标签: opengl opencv cuda

我尝试了cudaMemcpy2DFromArray和cudaMemcpy2D,但它们都没有正常工作。由于工作不正常,我的意思是GpuMat确实从cudaArray复制了一些东西,但水平刻度是错误的。

代码段如下:

cudaArray *colorArr;
checkCudaErrors( cudaGraphicsMapResources( 1, &cudaResourceColor, 0 ) );
checkCudaErrors( cudaGraphicsSubResourceGetMappedArray( &colorArr, cudaResourceColor, 0, 0 ) );

cv::gpu::GpuMat gpuColorMat(Size(w,h), CV_32FC3);   

// Tried method 1: the following didn't work correctly
checkCudaErrors( cudaMemcpy2DFromArray( gpuColorMat.data, gpuColorMat.step, colorArr, 
    0, 0, gpuColorMat.cols*sizeof(float3), gpuColorMat.rows, cudaMemcpyDeviceToDevice ) );

// Tried method 2: also didn't work correctly.
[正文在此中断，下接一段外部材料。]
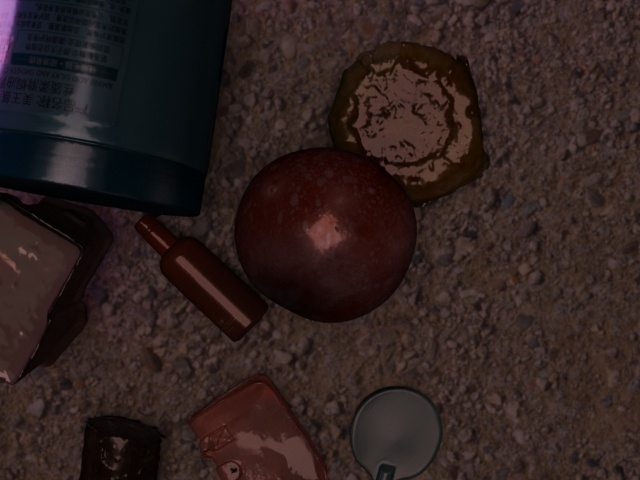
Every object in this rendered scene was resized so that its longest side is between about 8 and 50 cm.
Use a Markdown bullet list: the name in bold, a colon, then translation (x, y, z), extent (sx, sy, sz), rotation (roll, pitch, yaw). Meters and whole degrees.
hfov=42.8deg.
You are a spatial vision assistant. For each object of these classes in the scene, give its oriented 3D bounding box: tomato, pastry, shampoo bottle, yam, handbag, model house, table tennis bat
- **tomato**: translation (0.000, 0.000, 1.187), extent (0.270, 0.270, 0.227), rotation (32, 60, -3)
- **pastry**: translation (0.132, -0.177, 1.260), extent (0.235, 0.121, 0.257), rotation (-11, 95, 3)
- **shampoo bottle**: translation (-0.192, 0.050, 1.282), extent (0.085, 0.085, 0.244), rotation (-44, 91, 1)
- **yam**: translation (-0.318, 0.418, 1.277), extent (0.131, 0.131, 0.280), rotation (6, 94, -2)
- **shampoo bottle**: translation (-0.303, -0.227, 1.127), extent (0.331, 0.331, 0.343), rotation (8, 87, -2)
- **handbag**: translation (-0.098, 0.338, 1.308), extent (0.157, 0.059, 0.213), rotation (-32, 94, 0)
- **model house**: translation (-0.438, 0.046, 1.193), extent (0.202, 0.237, 0.237), rotation (27, 95, -1)
- **table tennis bat**: translation (0.112, 0.355, 1.328), extent (0.149, 0.038, 0.237), rotation (15, 88, -4)

Same error as the first method.
float3 *cuarr; 
checkCudaErrors( cudaMalloc( (void**)&cuarr, w*h*sizeof(float3) ) );
checkCudaErrors( cudaMemcpy2DFromArray( cuarr, w*h, colorArr, 0, 0, w*sizeof(float3), h, cudaMemcpyDeviceToDevice ) );
checkCudaErrors( cudaMemcpy2D( (float*)gpuColorMat.data, gpuColorMat.step, cuarr, w*sizeof(float3), w*sizeof(float3), h, cudaMemcpyDeviceToDevice ) );

// unmap buffer objects
checkCudaErrors( cudaGraphicsUnmapResources( 1, &cudaResourceColor, 0 ) );

任何人都可以帮我吗?

2 个答案:

答案 0 :(得分:2)

我终于成功了。我在下面分享我的代码:

.cu文件:执行设备阵列复制。渲染图像绑定到纹理inTex,并将其复制到目标float3 * dst。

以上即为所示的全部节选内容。